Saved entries
☆ ☆ ☆
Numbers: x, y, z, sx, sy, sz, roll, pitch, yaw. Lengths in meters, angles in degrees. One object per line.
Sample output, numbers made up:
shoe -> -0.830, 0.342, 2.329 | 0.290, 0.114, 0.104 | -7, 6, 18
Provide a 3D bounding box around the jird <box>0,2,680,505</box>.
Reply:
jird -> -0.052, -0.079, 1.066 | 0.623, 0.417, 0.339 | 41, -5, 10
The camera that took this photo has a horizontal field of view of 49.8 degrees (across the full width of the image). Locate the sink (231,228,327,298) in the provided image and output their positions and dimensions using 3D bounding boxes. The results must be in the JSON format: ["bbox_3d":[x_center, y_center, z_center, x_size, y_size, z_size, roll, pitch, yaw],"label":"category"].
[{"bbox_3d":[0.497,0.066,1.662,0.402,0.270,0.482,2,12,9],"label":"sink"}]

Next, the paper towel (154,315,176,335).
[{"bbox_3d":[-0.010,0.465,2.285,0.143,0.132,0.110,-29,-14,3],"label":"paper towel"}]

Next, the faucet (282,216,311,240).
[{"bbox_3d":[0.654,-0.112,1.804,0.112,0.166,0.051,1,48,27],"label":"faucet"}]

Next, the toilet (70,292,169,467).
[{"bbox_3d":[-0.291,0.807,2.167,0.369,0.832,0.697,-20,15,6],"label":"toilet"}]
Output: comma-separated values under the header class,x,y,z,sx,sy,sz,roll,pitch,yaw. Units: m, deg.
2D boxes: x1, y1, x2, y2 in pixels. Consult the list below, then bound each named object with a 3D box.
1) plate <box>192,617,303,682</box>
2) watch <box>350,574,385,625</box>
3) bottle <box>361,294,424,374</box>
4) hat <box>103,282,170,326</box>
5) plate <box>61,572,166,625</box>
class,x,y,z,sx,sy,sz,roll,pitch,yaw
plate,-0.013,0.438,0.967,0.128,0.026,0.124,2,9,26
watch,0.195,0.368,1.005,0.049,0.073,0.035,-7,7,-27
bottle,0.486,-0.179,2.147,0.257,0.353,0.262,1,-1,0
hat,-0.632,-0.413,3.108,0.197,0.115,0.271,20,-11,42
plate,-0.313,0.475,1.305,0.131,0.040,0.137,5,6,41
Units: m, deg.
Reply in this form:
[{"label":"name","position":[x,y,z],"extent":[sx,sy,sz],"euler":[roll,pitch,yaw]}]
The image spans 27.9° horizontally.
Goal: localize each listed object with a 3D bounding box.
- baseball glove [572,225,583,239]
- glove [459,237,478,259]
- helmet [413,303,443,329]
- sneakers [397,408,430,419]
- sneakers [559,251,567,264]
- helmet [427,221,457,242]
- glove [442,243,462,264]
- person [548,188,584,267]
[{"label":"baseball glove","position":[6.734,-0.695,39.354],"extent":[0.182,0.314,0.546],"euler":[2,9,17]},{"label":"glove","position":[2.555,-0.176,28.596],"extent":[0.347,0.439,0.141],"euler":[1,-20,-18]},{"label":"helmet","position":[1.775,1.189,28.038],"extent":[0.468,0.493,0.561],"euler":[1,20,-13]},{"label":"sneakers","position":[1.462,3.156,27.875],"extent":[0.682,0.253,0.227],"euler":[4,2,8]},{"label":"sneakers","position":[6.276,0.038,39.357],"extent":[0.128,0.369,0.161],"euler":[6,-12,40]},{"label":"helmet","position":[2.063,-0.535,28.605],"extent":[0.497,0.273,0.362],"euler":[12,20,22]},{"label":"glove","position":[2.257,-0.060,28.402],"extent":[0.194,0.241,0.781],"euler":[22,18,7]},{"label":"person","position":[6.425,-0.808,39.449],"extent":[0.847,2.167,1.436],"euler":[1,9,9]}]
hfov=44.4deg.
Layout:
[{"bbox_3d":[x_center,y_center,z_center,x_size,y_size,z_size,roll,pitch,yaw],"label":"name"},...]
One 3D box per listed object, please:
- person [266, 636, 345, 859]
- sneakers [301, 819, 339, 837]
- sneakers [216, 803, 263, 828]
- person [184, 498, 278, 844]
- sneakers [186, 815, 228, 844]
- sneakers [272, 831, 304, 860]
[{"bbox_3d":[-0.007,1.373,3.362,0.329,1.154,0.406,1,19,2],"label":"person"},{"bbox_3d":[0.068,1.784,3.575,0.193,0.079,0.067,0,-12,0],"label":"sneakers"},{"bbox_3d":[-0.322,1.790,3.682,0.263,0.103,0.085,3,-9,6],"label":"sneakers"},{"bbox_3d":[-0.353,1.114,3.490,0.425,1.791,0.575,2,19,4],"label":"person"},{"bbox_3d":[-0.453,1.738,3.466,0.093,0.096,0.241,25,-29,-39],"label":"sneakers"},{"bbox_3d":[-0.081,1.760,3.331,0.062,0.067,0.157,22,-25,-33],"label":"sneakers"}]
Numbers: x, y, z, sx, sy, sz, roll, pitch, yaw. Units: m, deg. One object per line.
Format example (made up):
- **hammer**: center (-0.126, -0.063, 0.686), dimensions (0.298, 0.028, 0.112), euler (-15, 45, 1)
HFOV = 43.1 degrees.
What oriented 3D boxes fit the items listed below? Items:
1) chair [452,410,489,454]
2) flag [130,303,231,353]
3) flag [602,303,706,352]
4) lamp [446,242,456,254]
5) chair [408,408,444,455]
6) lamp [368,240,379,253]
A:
☆ ☆ ☆
**Work to complete**: Every record above should be copied exactly.

**Exercise result**:
Numbers: x, y, z, sx, sy, sz, roll, pitch, yaw. Lengths in meters, angles in degrees. One object per line.
Sample output, numbers made up:
shoe -> -0.830, 0.342, 2.329 | 0.290, 0.114, 0.104 | -7, 6, 18
Provide a 3D bounding box around the jird <box>0,2,680,505</box>.
Reply:
jird -> -0.052, -0.079, 1.066 | 0.623, 0.417, 0.339 | 41, -5, 10
The camera that took this photo has a horizontal field of view of 49.8 degrees (across the full width of the image). Locate the sink (231,228,327,298) in the provided image and output their positions and dimensions using 3D bounding boxes. The results must be in the JSON format: ["bbox_3d":[x_center, y_center, z_center, x_size, y_size, z_size, roll, pitch, yaw],"label":"category"].
[{"bbox_3d":[0.497,0.066,1.662,0.402,0.270,0.482,2,12,9],"label":"sink"}]

Next, the paper towel (154,315,176,335).
[{"bbox_3d":[-0.010,0.465,2.285,0.143,0.132,0.110,-29,-14,3],"label":"paper towel"}]

Next, the faucet (282,216,311,240).
[{"bbox_3d":[0.654,-0.112,1.804,0.112,0.166,0.051,1,48,27],"label":"faucet"}]

Next, the toilet (70,292,169,467).
[{"bbox_3d":[-0.291,0.807,2.167,0.369,0.832,0.697,-20,15,6],"label":"toilet"}]
Output: comma-separated values under the header class,x,y,z,sx,sy,sz,roll,pitch,yaw. Units: m, deg.
2D boxes: x1, y1, x2, y2 in pixels. Consult the list below, then bound each named object with a 3D box.
1) plate <box>192,617,303,682</box>
2) watch <box>350,574,385,625</box>
3) bottle <box>361,294,424,374</box>
4) hat <box>103,282,170,326</box>
5) plate <box>61,572,166,625</box>
class,x,y,z,sx,sy,sz,roll,pitch,yaw
plate,-0.013,0.438,0.967,0.128,0.026,0.124,2,9,26
watch,0.195,0.368,1.005,0.049,0.073,0.035,-7,7,-27
bottle,0.486,-0.179,2.147,0.257,0.353,0.262,1,-1,0
hat,-0.632,-0.413,3.108,0.197,0.115,0.271,20,-11,42
plate,-0.313,0.475,1.305,0.131,0.040,0.137,5,6,41
Units: m, deg.
Reply in this form:
[{"label":"name","position":[x,y,z],"extent":[sx,sy,sz],"euler":[roll,pitch,yaw]}]
The image spans 27.9° horizontally.
Goal: localize each listed object with a 3D bounding box.
- baseball glove [572,225,583,239]
- glove [459,237,478,259]
- helmet [413,303,443,329]
- sneakers [397,408,430,419]
- sneakers [559,251,567,264]
- helmet [427,221,457,242]
- glove [442,243,462,264]
- person [548,188,584,267]
[{"label":"baseball glove","position":[6.734,-0.695,39.354],"extent":[0.182,0.314,0.546],"euler":[2,9,17]},{"label":"glove","position":[2.555,-0.176,28.596],"extent":[0.347,0.439,0.141],"euler":[1,-20,-18]},{"label":"helmet","position":[1.775,1.189,28.038],"extent":[0.468,0.493,0.561],"euler":[1,20,-13]},{"label":"sneakers","position":[1.462,3.156,27.875],"extent":[0.682,0.253,0.227],"euler":[4,2,8]},{"label":"sneakers","position":[6.276,0.038,39.357],"extent":[0.128,0.369,0.161],"euler":[6,-12,40]},{"label":"helmet","position":[2.063,-0.535,28.605],"extent":[0.497,0.273,0.362],"euler":[12,20,22]},{"label":"glove","position":[2.257,-0.060,28.402],"extent":[0.194,0.241,0.781],"euler":[22,18,7]},{"label":"person","position":[6.425,-0.808,39.449],"extent":[0.847,2.167,1.436],"euler":[1,9,9]}]
hfov=44.4deg.
Layout:
[{"bbox_3d":[x_center,y_center,z_center,x_size,y_size,z_size,roll,pitch,yaw],"label":"name"},...]
One 3D box per listed object, please:
- person [266, 636, 345, 859]
- sneakers [301, 819, 339, 837]
- sneakers [216, 803, 263, 828]
- person [184, 498, 278, 844]
- sneakers [186, 815, 228, 844]
- sneakers [272, 831, 304, 860]
[{"bbox_3d":[-0.007,1.373,3.362,0.329,1.154,0.406,1,19,2],"label":"person"},{"bbox_3d":[0.068,1.784,3.575,0.193,0.079,0.067,0,-12,0],"label":"sneakers"},{"bbox_3d":[-0.322,1.790,3.682,0.263,0.103,0.085,3,-9,6],"label":"sneakers"},{"bbox_3d":[-0.353,1.114,3.490,0.425,1.791,0.575,2,19,4],"label":"person"},{"bbox_3d":[-0.453,1.738,3.466,0.093,0.096,0.241,25,-29,-39],"label":"sneakers"},{"bbox_3d":[-0.081,1.760,3.331,0.062,0.067,0.157,22,-25,-33],"label":"sneakers"}]
Numbers: x, y, z, sx, sy, sz, roll, pitch, yaw. Units: m, deg. One object per line.
Format example (made up):
- **hammer**: center (-0.126, -0.063, 0.686), dimensions (0.298, 0.028, 0.112), euler (-15, 45, 1)
HFOV = 43.1 degrees.
What oriented 3D boxes fit the items listed below? Items:
1) chair [452,410,489,454]
2) flag [130,303,231,353]
3) flag [602,303,706,352]
4) lamp [446,242,456,254]
5) chair [408,408,444,455]
6) lamp [368,240,379,253]
A:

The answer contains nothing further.